First of all, lots of sovereign holdings are classified as Available for Sale (AFS), an accounting classification that allows for the recognition of gains and losses in bank capital. The table below shows that EU banks that participated in the 2016 transparency exercise held 3,77tn euro of sovereigns, of which 1.65tn (43%) in AFS:

analysis1a

This is potentially tricky, given that losses in the AFS category will increasingly affect banks’ Common Equity Tier 1 ratio. The ECB, for example eliminated a filter that protected banks from losses on sovereign AFS debt.[1] In addition, banks are increasingly exposed to swings in values of securities held in AFS, because the CRR phases out the old filter that protected banks from any volatility in their AFS portfolios. By end of this year, at least 60% of unrealised AFS gains and losses shall affect Common Equity Tier 1, next year that will be 70%.

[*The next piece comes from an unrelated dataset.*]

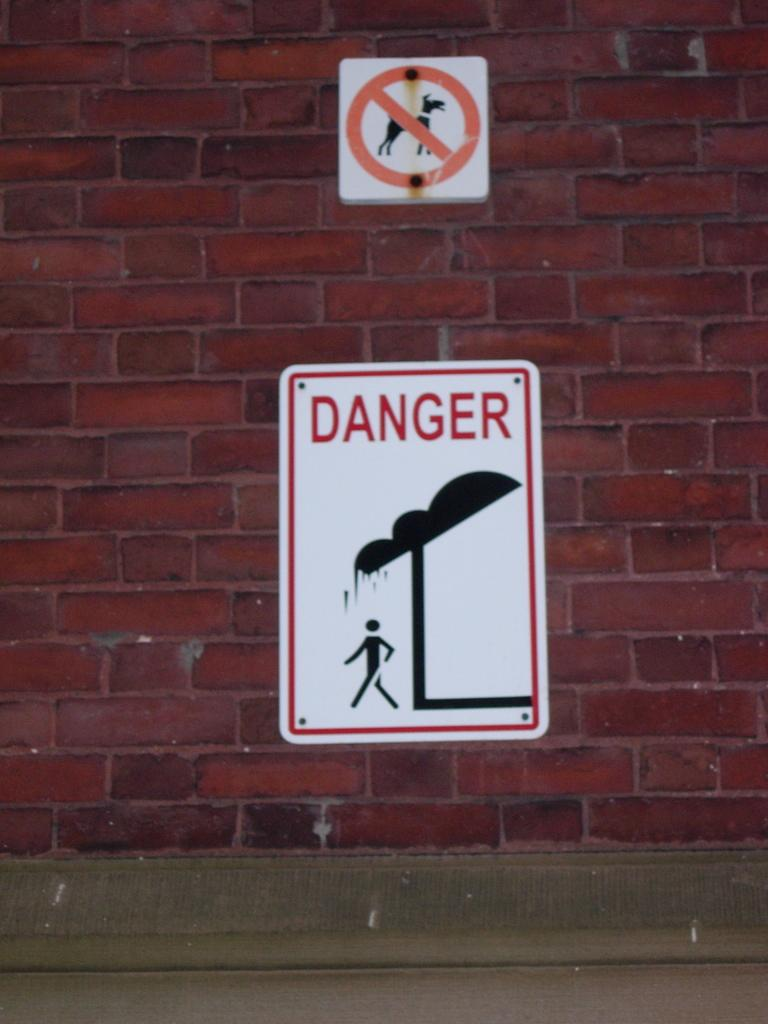Provide a one-sentence caption for the provided image. Two street signs, one say no dogs, the other says danger.

More of a worry is that interest rate risk may affect AFS gains and losses going forward, something that barely attracts the attention of supervisors. But it surely will at some point.

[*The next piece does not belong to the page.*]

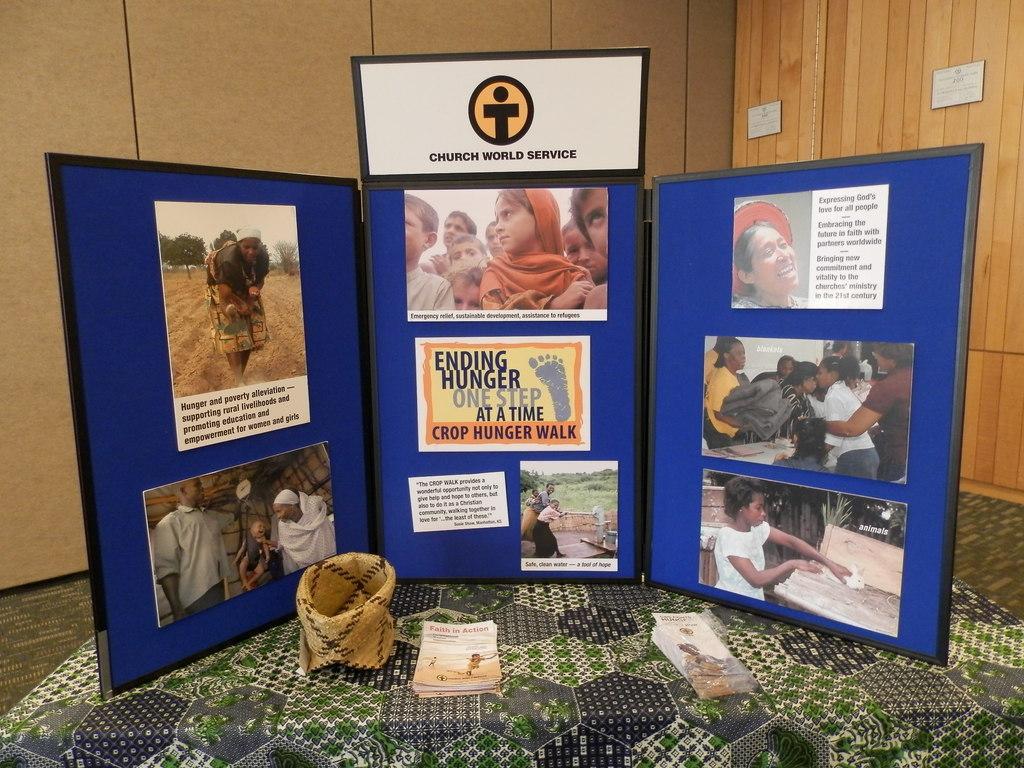In one or two sentences, can you explain what this image depicts? In this picture there is a blue color frame with photos. Behind there is a wooden panel wall.

The next table shows a breakdown of the geographical allocation of sovereigns by European banks. The first column shows the banks’ countries of origin. The numbers then show where these banks invest: Austrian banks hold 30% of their own sovereigns, and 0.8% of Belgian sovereigns. The elevated values on the diagonal should not surprise us: banks are happy to invest in home securities.

analysis1

What did surprise me was the holdings of Italian sovereigns by two distinct countries: Belgium (15.4%) and Portugal (13%). These numbers are driven by Dexia for Belgium and by Novo banco for Portugal.

With the Italian referendum this weekend, this boggled my mind: why would these banks expose themselves so oddly?


[1] See Article 14 of the ECB Options and Discretions regulation.